Число параллелей между двумя текстами можно умножить.

Попробуем резюмировать. Думается, можно говорить о скрытой полемике Г. Газданова с Л. Толстым. Толстовская концепция максимально физиологична: никакой любви нет и быть не может, есть лишь ловушка чувственности, удачный результат действия матерей и портних, с одной стороны, и избытка пищи при праздной жизни — с другой. При этом женская власть «сдается», проигрывая власти музыки — и музыканта. Газданов же, исследуя любовь, связывает ее возникновение с воздействием особого рода, с харизмой, тайной. Однако и у Газданова, и у Толстого власть женщины уступает власти музыки — будь то музыка классическая или музыка человеческого голоса. Таинственный дар любви уступает по силе своего воздействия дару музыкальному.

СПИСОК ЛИТЕРАТУРЫ

1. Боярский В. А. «Великие музыканты» у Л. Толстого и Г. Газданова. Статья I: «Люцерн» и «Алексей Шувалов» / «Великий музыкант» // Toronto Slavic Quarterly. 2019. № 68. С. 1–19. URL: http://sites.utoronto.ca/tsq/68/Boyarskiy68.pdf

2. Газданов Г. Собр. соч.: в 3 т. М.: Согласие, 1996. Т. 3.

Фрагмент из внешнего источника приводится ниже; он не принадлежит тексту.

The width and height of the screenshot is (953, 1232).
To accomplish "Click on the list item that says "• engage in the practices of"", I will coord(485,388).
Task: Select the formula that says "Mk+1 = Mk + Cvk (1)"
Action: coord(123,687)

3. Газданов Г. Алексей Шувалов // Дарьял. 2003. № 3.

4. Новейший большой толковый словарь русского языка. СПб.: Норинт, Рипол классик, 2008.

5. Опульская Л. Д. Лев Николаевич Толстой. Материалы к биографии с 1886 по 1892 год. М.: Наука, 1979.

6. Толстой Л. Н. Собр. соч.: в 22 т. Т. 12. М.: Художественная литература, 1982.